> **Entries provided**
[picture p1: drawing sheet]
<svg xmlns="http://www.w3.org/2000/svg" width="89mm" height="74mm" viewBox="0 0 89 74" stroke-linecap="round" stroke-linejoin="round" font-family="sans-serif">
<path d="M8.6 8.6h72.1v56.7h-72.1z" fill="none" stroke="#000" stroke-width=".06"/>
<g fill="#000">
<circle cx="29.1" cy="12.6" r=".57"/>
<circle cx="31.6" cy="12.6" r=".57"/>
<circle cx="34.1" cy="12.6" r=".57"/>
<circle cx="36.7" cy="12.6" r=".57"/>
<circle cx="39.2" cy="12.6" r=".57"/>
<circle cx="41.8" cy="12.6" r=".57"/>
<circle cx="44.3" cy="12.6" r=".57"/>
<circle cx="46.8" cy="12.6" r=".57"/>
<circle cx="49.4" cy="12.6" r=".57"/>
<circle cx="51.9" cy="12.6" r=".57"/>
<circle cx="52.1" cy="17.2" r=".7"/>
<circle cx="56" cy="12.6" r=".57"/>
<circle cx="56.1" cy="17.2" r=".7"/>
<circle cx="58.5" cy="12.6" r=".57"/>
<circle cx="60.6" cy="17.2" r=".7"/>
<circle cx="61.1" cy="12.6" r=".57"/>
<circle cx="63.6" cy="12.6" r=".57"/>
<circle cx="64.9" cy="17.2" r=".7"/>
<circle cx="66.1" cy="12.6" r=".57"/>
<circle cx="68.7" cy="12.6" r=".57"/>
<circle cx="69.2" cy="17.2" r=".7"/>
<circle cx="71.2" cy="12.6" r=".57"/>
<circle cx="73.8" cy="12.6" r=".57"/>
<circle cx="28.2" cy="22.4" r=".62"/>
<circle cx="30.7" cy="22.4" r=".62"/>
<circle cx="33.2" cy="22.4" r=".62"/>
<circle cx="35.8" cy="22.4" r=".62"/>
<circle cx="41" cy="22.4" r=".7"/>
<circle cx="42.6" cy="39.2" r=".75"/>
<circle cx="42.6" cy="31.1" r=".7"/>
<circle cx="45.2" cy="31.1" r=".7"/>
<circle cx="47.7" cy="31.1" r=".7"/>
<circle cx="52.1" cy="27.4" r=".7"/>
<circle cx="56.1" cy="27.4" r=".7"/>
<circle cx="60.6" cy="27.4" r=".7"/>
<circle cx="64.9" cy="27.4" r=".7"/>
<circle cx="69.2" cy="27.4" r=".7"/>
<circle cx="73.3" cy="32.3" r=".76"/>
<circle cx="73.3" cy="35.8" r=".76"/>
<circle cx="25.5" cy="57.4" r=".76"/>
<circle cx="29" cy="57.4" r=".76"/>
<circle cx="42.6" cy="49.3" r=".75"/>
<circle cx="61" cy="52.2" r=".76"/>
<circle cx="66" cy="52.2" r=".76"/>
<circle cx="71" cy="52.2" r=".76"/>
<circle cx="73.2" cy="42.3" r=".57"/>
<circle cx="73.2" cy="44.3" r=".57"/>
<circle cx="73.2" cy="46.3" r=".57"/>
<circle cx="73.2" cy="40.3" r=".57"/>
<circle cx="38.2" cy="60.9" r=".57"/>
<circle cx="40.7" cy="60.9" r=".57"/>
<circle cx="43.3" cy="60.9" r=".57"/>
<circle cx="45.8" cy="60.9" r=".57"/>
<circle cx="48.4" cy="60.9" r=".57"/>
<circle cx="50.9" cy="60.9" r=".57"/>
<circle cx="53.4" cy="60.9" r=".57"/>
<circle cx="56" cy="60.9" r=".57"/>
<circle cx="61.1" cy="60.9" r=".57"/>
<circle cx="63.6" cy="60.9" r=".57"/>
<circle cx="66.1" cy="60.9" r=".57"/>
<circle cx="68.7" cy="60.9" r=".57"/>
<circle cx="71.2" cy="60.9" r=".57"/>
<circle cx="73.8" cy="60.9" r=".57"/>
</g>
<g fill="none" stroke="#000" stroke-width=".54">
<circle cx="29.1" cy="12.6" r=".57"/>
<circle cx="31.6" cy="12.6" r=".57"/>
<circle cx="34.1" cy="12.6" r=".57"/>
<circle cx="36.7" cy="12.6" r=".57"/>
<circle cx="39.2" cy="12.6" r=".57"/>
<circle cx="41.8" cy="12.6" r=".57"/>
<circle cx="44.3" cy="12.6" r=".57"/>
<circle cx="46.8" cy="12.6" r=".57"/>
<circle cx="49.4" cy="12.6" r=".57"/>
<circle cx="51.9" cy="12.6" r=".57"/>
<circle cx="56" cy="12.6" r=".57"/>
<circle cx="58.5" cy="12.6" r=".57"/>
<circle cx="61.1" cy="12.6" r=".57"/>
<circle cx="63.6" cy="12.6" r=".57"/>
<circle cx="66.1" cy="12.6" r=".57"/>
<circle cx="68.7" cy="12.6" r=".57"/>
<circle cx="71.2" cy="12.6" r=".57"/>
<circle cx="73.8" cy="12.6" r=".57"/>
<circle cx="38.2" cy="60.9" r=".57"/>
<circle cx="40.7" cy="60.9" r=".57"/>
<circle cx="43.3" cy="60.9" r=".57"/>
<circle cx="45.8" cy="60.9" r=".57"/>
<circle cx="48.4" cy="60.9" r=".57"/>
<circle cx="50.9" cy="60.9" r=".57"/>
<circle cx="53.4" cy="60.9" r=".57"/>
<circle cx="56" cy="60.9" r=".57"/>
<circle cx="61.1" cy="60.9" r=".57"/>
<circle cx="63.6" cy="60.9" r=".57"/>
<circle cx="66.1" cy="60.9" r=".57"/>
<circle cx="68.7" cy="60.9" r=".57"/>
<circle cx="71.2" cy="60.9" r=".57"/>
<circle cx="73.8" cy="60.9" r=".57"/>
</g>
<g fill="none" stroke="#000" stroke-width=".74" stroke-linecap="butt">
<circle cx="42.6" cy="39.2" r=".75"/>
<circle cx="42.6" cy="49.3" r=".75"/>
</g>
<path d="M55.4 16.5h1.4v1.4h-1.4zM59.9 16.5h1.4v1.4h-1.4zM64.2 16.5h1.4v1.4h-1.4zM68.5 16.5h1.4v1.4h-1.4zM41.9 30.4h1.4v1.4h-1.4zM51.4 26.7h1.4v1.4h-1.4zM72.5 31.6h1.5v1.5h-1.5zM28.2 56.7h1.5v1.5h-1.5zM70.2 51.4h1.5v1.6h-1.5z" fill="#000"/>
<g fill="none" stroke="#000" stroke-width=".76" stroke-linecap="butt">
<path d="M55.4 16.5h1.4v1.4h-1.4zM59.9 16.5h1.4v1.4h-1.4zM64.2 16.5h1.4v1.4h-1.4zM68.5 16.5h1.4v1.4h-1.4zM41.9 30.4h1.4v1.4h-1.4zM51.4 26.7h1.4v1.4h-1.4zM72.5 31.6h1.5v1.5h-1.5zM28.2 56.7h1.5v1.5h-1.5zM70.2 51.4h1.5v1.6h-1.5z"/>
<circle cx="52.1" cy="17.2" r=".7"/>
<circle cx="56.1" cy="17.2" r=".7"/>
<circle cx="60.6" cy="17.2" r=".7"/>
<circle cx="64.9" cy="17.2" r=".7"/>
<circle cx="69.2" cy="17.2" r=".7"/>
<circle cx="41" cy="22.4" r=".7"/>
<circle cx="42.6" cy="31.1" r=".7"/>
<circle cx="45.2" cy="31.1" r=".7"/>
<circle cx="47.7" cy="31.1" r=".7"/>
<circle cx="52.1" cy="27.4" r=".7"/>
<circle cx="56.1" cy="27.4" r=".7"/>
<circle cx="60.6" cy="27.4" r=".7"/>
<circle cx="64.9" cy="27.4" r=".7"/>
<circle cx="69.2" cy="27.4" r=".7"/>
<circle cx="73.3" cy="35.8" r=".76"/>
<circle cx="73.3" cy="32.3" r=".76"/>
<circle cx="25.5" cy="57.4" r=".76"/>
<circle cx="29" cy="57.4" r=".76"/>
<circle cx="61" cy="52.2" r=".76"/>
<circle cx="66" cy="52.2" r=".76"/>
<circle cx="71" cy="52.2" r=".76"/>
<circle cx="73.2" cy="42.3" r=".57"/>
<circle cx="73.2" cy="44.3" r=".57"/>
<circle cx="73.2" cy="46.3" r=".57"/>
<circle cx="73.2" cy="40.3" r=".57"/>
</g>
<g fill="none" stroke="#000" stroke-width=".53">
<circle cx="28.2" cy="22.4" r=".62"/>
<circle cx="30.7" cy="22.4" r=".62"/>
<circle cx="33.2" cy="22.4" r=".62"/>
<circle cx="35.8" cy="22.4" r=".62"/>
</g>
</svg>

> **The problem**
Only one thing is wanted in reply: the number of lines in the entries that hold the string "butt".

> **Solved exercise**
2